Archive for September, 2008

 
Wednesday, September 3rd, 2008

Standardized tests would be abolished because those suck on the fairness scale. Also on the accuracy scale, but who’s counting. It took me about ten seconds to realize that for the admissions process to be truly equal and fair, all applicants would need to be reduced to a colorless blob of plasma.

Standardized tests are ridiculous, and I’m my own best example of their utter crap factor: I’m a middle-class white girl whose family is educated and because of that I rock at standardized tests. I worked less hard than my classmates in high school—I studied only rarely. Even I could see they deserved a college education more than I did as they had done the work in high school and would continue to do so if they were able to go to college.
I skipped out on the two SAT prep courses my parents paid good money for. And still I did fine and dandy on the SAT and the ACT. I’m smart, but I’m not that smart. Standardized tests are a crock.

Equalizing the College Applicant Pool to Grey Blobs of Plasma
So, yes, I pretty much thought myself into a corner within 30 seconds of trying to mentally re-vamp the admissions situation. Here’s what I ended up with: the aforementioned colorless blobs of plasma who would all have to be interviewed one by one in lieu of the easily padded high school transcripts and college application essay (“Yes, my work as the president of the Lint-Weaving Club changed my life and the lives of lint-weavers everywhere. I also volunteered at Lint Weavers of America every Wednesday afternoon. Those grubby little lint-weaving faces were so inspiring, you know? There is just so much lint in the world, and it should all be woven! I feel very passionate about lint and the need to weave it. And that is why I belong at your college,”). And since there is no way every college and university in America will be hiring extra staff so as be sure to interview every applicant individually, that is not a possibility.
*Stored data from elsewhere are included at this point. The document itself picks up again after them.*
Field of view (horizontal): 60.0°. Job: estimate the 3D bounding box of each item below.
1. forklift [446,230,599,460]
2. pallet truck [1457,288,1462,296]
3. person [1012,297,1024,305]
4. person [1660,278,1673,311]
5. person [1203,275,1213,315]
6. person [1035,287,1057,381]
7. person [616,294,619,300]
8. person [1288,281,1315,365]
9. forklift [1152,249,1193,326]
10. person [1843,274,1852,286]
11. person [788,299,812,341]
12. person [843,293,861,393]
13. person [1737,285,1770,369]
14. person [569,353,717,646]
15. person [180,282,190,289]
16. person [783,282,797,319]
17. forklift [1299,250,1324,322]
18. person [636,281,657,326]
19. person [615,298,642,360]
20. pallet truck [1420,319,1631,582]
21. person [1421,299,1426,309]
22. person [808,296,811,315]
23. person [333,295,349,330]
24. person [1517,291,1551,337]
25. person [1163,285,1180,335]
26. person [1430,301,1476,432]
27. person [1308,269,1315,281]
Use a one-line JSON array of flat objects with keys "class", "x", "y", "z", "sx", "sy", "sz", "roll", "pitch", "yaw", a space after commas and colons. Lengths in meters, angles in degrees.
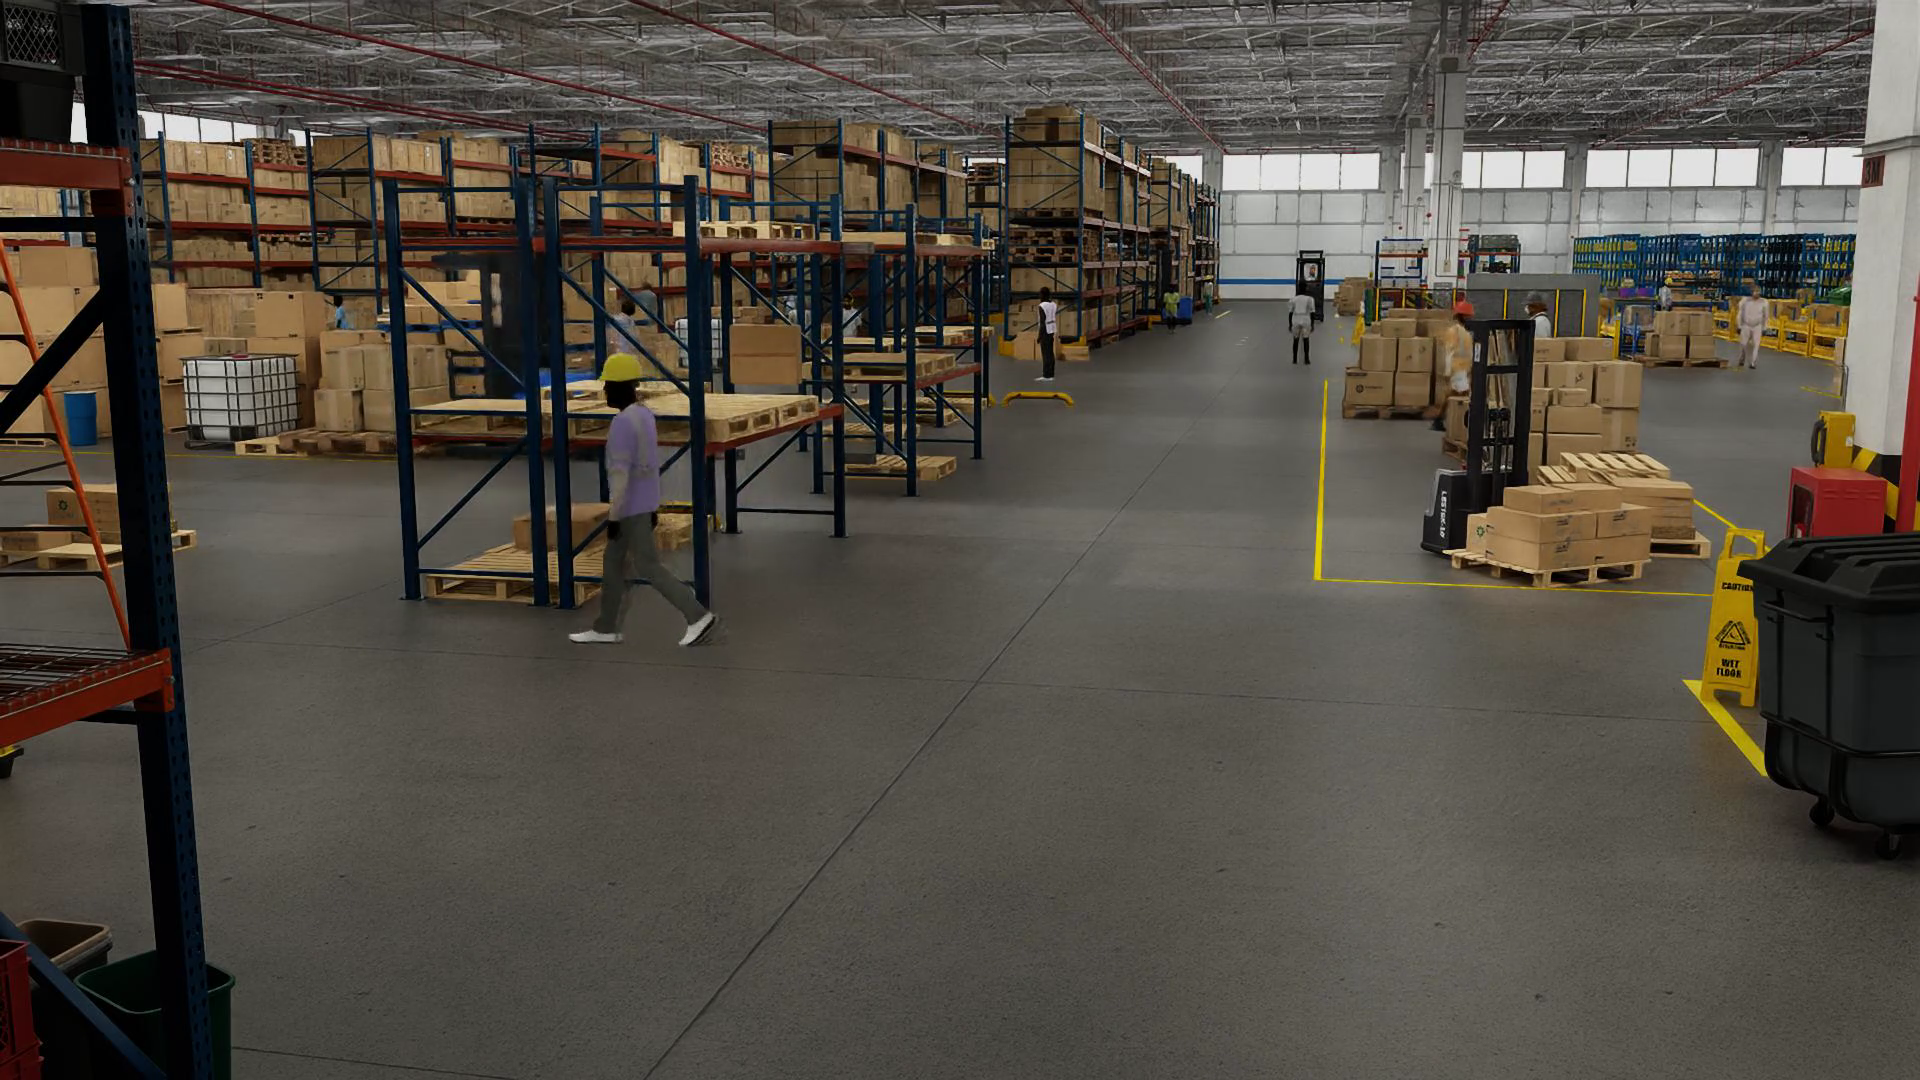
[{"class": "forklift", "x": -5.348, "y": -2.458, "z": 20.763, "sx": 1.873, "sy": 2.768, "sz": 1.129, "roll": 2, "pitch": 10, "yaw": 12}, {"class": "pallet truck", "x": 20.506, "y": -9.785, "z": 68.819, "sx": 0.653, "sy": 1.274, "sz": 1.630, "roll": 2, "pitch": 10, "yaw": 12}, {"class": "person", "x": 2.043, "y": -8.363, "z": 59.028, "sx": 0.525, "sy": 1.769, "sz": 0.315, "roll": 9, "pitch": 13, "yaw": 42}, {"class": "person", "x": 24.654, "y": -8.225, "z": 58.066, "sx": 0.403, "sy": 1.817, "sz": 0.601, "roll": 7, "pitch": 12, "yaw": 34}, {"class": "person", "x": 11.095, "y": -10.962, "z": 74.415, "sx": 0.325, "sy": 1.767, "sz": 0.525, "roll": -7, "pitch": 12, "yaw": -36}, {"class": "person", "x": 1.770, "y": -4.203, "z": 33.931, "sx": 0.390, "sy": 1.922, "sz": 0.591, "roll": 5, "pitch": 11, "yaw": 29}, {"class": "person", "x": -8.453, "y": -5.244, "z": 40.949, "sx": 0.528, "sy": 1.630, "sz": 0.320, "roll": 0, "pitch": 10, "yaw": -1}, {"class": "person", "x": 8.018, "y": -5.087, "z": 39.037, "sx": 0.612, "sy": 1.962, "sz": 0.363, "roll": 3, "pitch": 10, "yaw": 17}, {"class": "forklift", "x": 7.646, "y": -9.320, "z": 61.395, "sx": 1.873, "sy": 2.768, "sz": 1.129, "roll": 2, "pitch": 10, "yaw": 11}, {"class": "person", "x": 38.151, "y": -10.506, "z": 71.524, "sx": 0.548, "sy": 1.830, "sz": 0.570, "roll": 2, "pitch": 10, "yaw": 11}, {"class": "person", "x": -3.588, "y": -4.573, "z": 37.062, "sx": 0.538, "sy": 1.587, "sz": 0.878, "roll": -3, "pitch": 10, "yaw": -16}, {"class": "person", "x": -2.070, "y": -3.638, "z": 30.759, "sx": 0.514, "sy": 1.865, "sz": 0.329, "roll": 2, "pitch": 10, "yaw": 13}, {"class": "person", "x": 17.958, "y": -4.822, "z": 37.661, "sx": 0.659, "sy": 1.892, "sz": 0.431, "roll": 3, "pitch": 10, "yaw": 19}, {"class": "person", "x": -2.029, "y": -0.248, "z": 10.595, "sx": 0.921, "sy": 1.897, "sz": 0.589, "roll": 0, "pitch": 10, "yaw": 0}, {"class": "person", "x": -19.920, "y": -5.685, "z": 42.794, "sx": 0.689, "sy": 1.890, "sz": 0.602, "roll": 3, "pitch": 10, "yaw": 20}, {"class": "person", "x": -5.748, "y": -7.875, "z": 56.328, "sx": 0.536, "sy": 1.700, "sz": 0.318, "roll": -8, "pitch": 13, "yaw": -41}, {"class": "forklift", "x": 13.778, "y": -10.002, "z": 65.433, "sx": 1.129, "sy": 2.768, "sz": 1.873, "roll": 2, "pitch": 10, "yaw": 12}, {"class": "person", "x": -8.549, "y": -6.094, "z": 45.272, "sx": 0.638, "sy": 1.880, "sz": 1.074, "roll": 3, "pitch": 10, "yaw": 16}, {"class": "person", "x": -5.574, "y": -3.129, "z": 27.850, "sx": 0.486, "sy": 1.824, "sz": 0.638, "roll": -1, "pitch": 10, "yaw": -7}, {"class": "pallet truck", "x": 4.543, "y": -0.757, "z": 13.299, "sx": 0.823, "sy": 1.965, "sz": 1.885, "roll": -4, "pitch": 10, "yaw": -22}, {"class": "person", "x": 15.806, "y": -7.791, "z": 56.073, "sx": 0.531, "sy": 1.628, "sz": 0.295, "roll": 6, "pitch": 11, "yaw": 32}, {"class": "person", "x": -5.625, "y": -9.167, "z": 64.174, "sx": 0.507, "sy": 1.631, "sz": 0.280, "roll": -1, "pitch": 10, "yaw": -3}, {"class": "person", "x": -14.514, "y": -4.952, "z": 39.171, "sx": 0.891, "sy": 1.653, "sz": 0.524, "roll": -5, "pitch": 11, "yaw": -29}, {"class": "person", "x": 8.171, "y": -2.557, "z": 23.828, "sx": 0.535, "sy": 2.000, "sz": 0.707, "roll": 3, "pitch": 10, "yaw": 19}, {"class": "person", "x": 6.961, "y": -7.586, "z": 54.777, "sx": 0.524, "sy": 1.654, "sz": 0.841, "roll": 3, "pitch": 10, "yaw": 15}, {"class": "person", "x": 7.105, "y": -2.449, "z": 23.640, "sx": 0.544, "sy": 1.896, "sz": 0.985, "roll": -9, "pitch": 13, "yaw": -44}, {"class": "person", "x": 17.658, "y": -12.617, "z": 83.534, "sx": 0.378, "sy": 1.996, "sz": 0.610, "roll": 6, "pitch": 11, "yaw": 31}]

I can also see that equalizing the college applicant pool to grey blobs of plasma is not doable. And, sadly, most red-blooded Americans won’t want to see the Holy Trinity of the college application process (standardized tests, high school transcripts, essay) eliminated. Everyone loves vicarious, nostalgic suffering and there is nothing better than watching the next generation of college applicants have to run the same gauntlet you did. If we got rid of all the fake-able paperwork, the romance would be gone.

College Admissions Process is a Preview of the Real World
Here’s all I’ve got left (and this won’t work until technology catches the hell up): colleges scan all applicants with a special full-body scanner (like an airport metal detector, only different). Then the colleges could check out the applicant’s actual intelligence, their true potential, their work ethic, etc.

And since that clearly won’t work either, I give up. Maybe the only thing to do is to look at the college application and admissions process as a preview of the real world (a place you’ll hopefully be able to put off entering for at least four more years—ironically, only if you get into college). The real world is full of standardization, padding of transcripts and resumes, ass-kissing, hoop-jumping, numbers that mean nothing, people who excel at something unpopular so their talent goes unnoticed, and people who excel at the right thing and are rewarded extensively for it. In the real world some people look better on paper, and some know it will be mayday on the written, but they’ll pull it off if they can get an interview with a live human. Life is unfair, but everyone is good at something. Figure out what you’re good at, work your ass off, and eventually you’ll get where you want to be. Or you’ll be crushed by someone with better connections and more financial backing.